Troubleshooting X issues on Ubuntu

Sorting out X problems can be a headache. The breadth of issues is wide and the complexity can be deep, so it's always helpful to have some where to turn to when you need deep X know-how. Fortunately Bryce Harrington has created a set of X Troubleshooting Wiki pages which have proved helpful to fix X issues.

The wiki covers a range of topics, including: Resolution issues, high CPU utilisation, blank screen issues, freezes, font sizes, X resume crashes, Intel performance issues and hotkey fixes to name but a few.

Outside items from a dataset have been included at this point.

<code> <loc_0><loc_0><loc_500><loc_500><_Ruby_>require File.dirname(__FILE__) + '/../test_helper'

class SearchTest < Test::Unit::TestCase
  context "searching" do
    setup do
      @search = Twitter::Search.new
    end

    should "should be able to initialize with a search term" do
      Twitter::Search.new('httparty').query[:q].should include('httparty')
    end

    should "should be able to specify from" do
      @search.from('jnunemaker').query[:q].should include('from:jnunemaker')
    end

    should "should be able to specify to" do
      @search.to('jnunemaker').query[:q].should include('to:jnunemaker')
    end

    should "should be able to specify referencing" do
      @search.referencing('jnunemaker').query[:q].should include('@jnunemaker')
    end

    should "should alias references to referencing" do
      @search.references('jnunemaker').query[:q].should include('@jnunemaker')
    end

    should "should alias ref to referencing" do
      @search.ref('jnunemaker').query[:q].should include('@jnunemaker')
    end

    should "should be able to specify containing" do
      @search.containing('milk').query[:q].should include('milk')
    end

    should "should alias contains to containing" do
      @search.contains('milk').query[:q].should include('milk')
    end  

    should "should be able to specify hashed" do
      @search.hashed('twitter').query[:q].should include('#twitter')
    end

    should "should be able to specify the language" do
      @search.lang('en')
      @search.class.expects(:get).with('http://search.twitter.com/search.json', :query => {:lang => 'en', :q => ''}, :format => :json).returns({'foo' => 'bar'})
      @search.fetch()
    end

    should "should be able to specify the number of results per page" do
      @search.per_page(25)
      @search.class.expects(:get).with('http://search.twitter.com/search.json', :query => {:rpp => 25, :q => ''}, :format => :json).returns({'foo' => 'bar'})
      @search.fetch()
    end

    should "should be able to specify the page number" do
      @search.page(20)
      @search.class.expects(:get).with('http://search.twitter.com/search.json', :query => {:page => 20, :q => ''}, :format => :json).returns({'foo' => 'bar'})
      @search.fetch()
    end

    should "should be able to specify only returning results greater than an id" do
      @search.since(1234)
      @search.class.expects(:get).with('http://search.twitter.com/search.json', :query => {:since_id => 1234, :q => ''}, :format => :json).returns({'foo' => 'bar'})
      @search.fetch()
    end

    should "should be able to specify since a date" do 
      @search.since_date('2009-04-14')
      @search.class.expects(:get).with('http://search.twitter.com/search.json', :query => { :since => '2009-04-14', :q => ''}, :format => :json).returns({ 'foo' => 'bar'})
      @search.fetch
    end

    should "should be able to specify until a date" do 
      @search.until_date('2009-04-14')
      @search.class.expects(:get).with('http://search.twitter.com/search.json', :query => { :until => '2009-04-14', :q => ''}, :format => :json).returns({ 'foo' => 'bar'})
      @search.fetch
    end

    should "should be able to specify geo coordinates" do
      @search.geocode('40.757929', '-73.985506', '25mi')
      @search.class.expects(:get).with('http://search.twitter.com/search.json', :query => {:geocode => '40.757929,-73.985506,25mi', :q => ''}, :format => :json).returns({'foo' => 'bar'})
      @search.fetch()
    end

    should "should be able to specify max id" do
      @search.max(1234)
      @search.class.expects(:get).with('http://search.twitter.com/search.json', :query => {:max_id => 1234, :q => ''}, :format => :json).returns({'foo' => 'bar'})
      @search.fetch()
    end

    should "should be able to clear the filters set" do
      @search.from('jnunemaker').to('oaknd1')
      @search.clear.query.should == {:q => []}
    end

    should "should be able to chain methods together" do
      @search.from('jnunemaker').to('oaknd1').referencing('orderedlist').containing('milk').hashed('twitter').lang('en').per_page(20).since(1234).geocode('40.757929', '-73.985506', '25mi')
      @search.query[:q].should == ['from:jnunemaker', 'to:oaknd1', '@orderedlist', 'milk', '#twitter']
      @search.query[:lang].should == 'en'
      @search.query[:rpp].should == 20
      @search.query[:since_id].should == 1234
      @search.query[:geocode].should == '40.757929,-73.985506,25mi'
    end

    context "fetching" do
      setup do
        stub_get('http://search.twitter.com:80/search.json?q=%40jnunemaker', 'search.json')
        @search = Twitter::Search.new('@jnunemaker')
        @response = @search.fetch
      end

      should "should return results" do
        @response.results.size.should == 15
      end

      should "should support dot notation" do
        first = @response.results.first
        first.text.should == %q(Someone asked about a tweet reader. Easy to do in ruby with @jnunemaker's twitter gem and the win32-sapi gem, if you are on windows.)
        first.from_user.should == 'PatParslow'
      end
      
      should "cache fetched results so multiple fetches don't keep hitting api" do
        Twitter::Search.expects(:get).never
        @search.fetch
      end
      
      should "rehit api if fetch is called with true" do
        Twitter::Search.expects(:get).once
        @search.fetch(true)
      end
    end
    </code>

I'd recommend you to check out the Wiki even if you don't have X issues, just because it's packed full of useful X config nuggets of information.

Wednesday, 17 June 2009

Debugging Intel X Hangs

While I was at UDS I learnt some useful X debugging tricks for Intel based chipsets. One can debug the driver using debugfs as follows:

1. ssh into the machine with locked-up X and then mount debugfs:

$ sudo mount -t debugfs none /sys/kernel/debug

2. Find the dri debug directory:

$ cd /sys/kernel/debug/dri/0

3. Check for a system lock up by looking to see if sequence numbers are advancing or not:

$ cat i915_gem_seqno
Current sequence: 1732368
Waiter sequence: 0
IRQ sequence: 1732364

If the sequence numbers are not increasing then we know that the GPU has locked up for some reason.

4. If that's working, then check to see what the X server is doing:

$ cat /proc/pid-of-X-server/wchan

(where 'pid-of-X-server' is the process id of the X server)

This will show you what it is waiting for. If you see it changing then it's not an X hang.

5. Look at the interrupt activity

$ cat i915_gem_interrupt

Check that the masks are restored correctly after a resume - interrupts may be masked and hence not able to respond to interrupts.

The IRQ sequence generally is a little behind Waiter sequence - if IRQ sequence does not increment it's a GPU hang. The Current Sequence *SHOULD NOT* be zero. Waiter Sequence is zero when there is nothing queued up to process.